Situated in the Brontë Parsonage, the exhibition interacts with the existing layout. The Parsonage is part museum, part reconstruction. The rooms are decorated with historically-accurate papers and paints, and are largely set up as they were in the time the family lived there. Cases display Brontë relics – Charlotte’s wedding dress, a first edition of Shirley – alongside Mr Brontë’s piano, the children’s bed, and Branwell’s portraits of his sisters.

The effect is to pull you in and out of the Brontës’ world, real and imagined, and their stories, factual and invented. The exhibition is focused around sound: the sounds of words themselves, and the sounds the Brontës might have been surrounded by – the tick of a clock, the tinkle of a teaspoon on a china saucer.

silent wild

Score of a voice reading a passage from Wuthering Heights

Some exhibits abstract tiny elements from the writings of the sisters – single words (silent), phrases (not a fluttering lark or linnet), or quotations. If your impression of Wuthering Heights is all doom and gloom, you might be surprised to learn that giggle, laugh and chatter feature in it, alongside shriek, howl and wail. It’s not over-explained, this exhibition, which I liked; I came away chewing over thin murmurs of life, wondering if this was about the potential of written words, the Brontës’ own brittle existence, or the resilience of their writings.
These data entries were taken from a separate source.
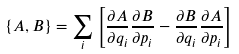Convert formula to latex. <formula><loc_0><loc_0><loc_500><loc_500>\left \{ A , B \right \} = \sum _ { i } \left [ \frac { \partial A } { \partial q _ { i } } \frac { \partial B } { \partial p _ { i } } - \frac { \partial B } { \partial q _ { i } } \frac { \partial A } { \partial p _ { i } } \right ]</formula> 
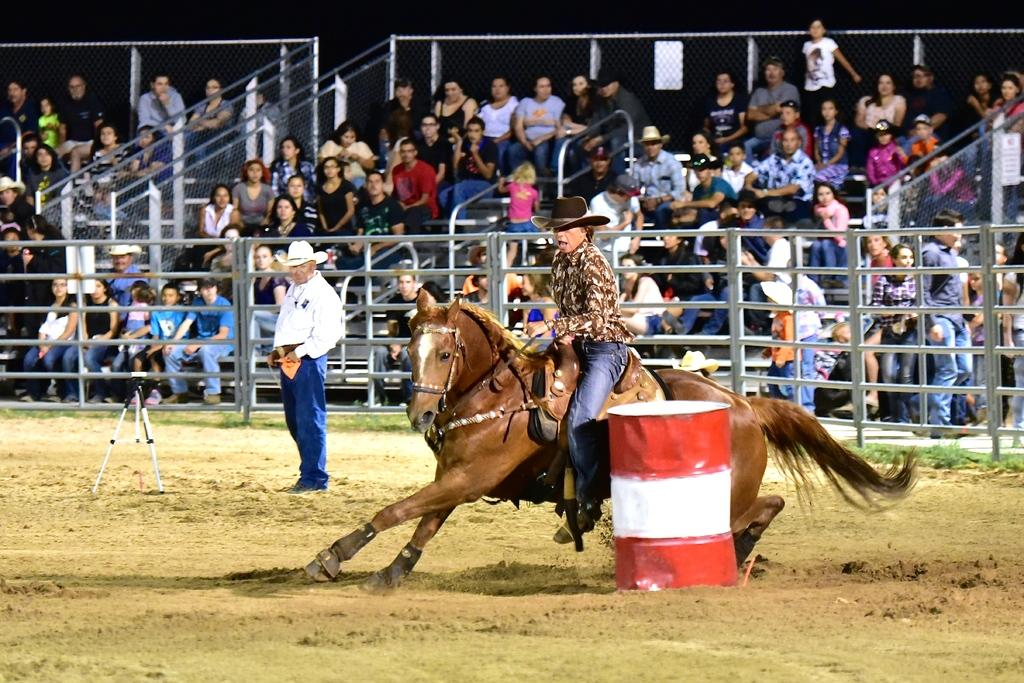What is the man in the image doing? The man is sitting on a horse in the image. What other objects or items can be seen in the image? There is a barrel, people sitting on chairs, and a stand in the image. What is the man near the stand doing? There is a man standing near the stand in the image. What type of stick is the man using to break out of prison in the image? There is no prison or stick present in the image. 
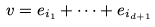Convert formula to latex. <formula><loc_0><loc_0><loc_500><loc_500>v = e _ { i _ { 1 } } + \dots + e _ { i _ { d + 1 } }</formula> 
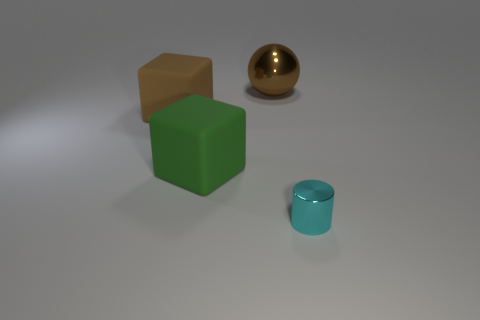Add 2 cyan things. How many objects exist? 6 Subtract all spheres. How many objects are left? 3 Subtract 0 green cylinders. How many objects are left? 4 Subtract all green rubber objects. Subtract all green matte objects. How many objects are left? 2 Add 3 big brown spheres. How many big brown spheres are left? 4 Add 3 large brown objects. How many large brown objects exist? 5 
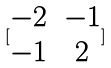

It’s easy to become immersed in brooding over these driven, gifted women and their fierce lives. The best thing about this exhibition is it takes us out of this inward spiral, and pushes us to think about bigger things. The dance piece, The Silent Wild, does this beautifully. Set to music constructed from found sounds in the Parsonage and readings of the Brontës’ works in many languages, the dancer starts on a floor plan of the Parsonage’s small dining room, reproduced in the enormous empty space of Salts Mill. His props are a dining table and chair, like those in the Parsonage. This is a special dining table, of course, as it’s the place where Wuthering Heights, The Tenant of Wildfell Hall, and other works were written. The dancer moves around, testing his physicality against these hard surfaces, exploring their affordances; small movements give a sense of internal focus, of potential. He moves outwards and inwards, under the table then outside the limits of the room: claustrophobic, then agoraphobic. To a rising cacophony of unknown languages, he pirouettes over and over, ending up with a crash under the table again. The table supports him, launches him into the world, then protects him again.

Daniel Hay-Gordon in the dance piece The Silent Wild. Picture from Bradford Telegraph & Argus: click for their preview of the exhibition

I found myself pondering what we know, and what we imagine. The museum hints that we can over-romanticise the Brontës’ lives; for example, although many people assume they didn’t travel, one exhibit is a trunk used by the sisters on trips to London, Ireland and Brussels. It wasn’t quite the claustrophobic, intense life we imagine. The house is small, and the weight of the tragedies it saw hangs heavy. But it’s also possible to imagine it as a refuge from the heave and thrust of life; there’s a quotation from Mr Bronte on how his little family comforted him, and brought him happiness after the death of his wife. It’s easy to focus on the heartbreak, but there’s life and potential here too.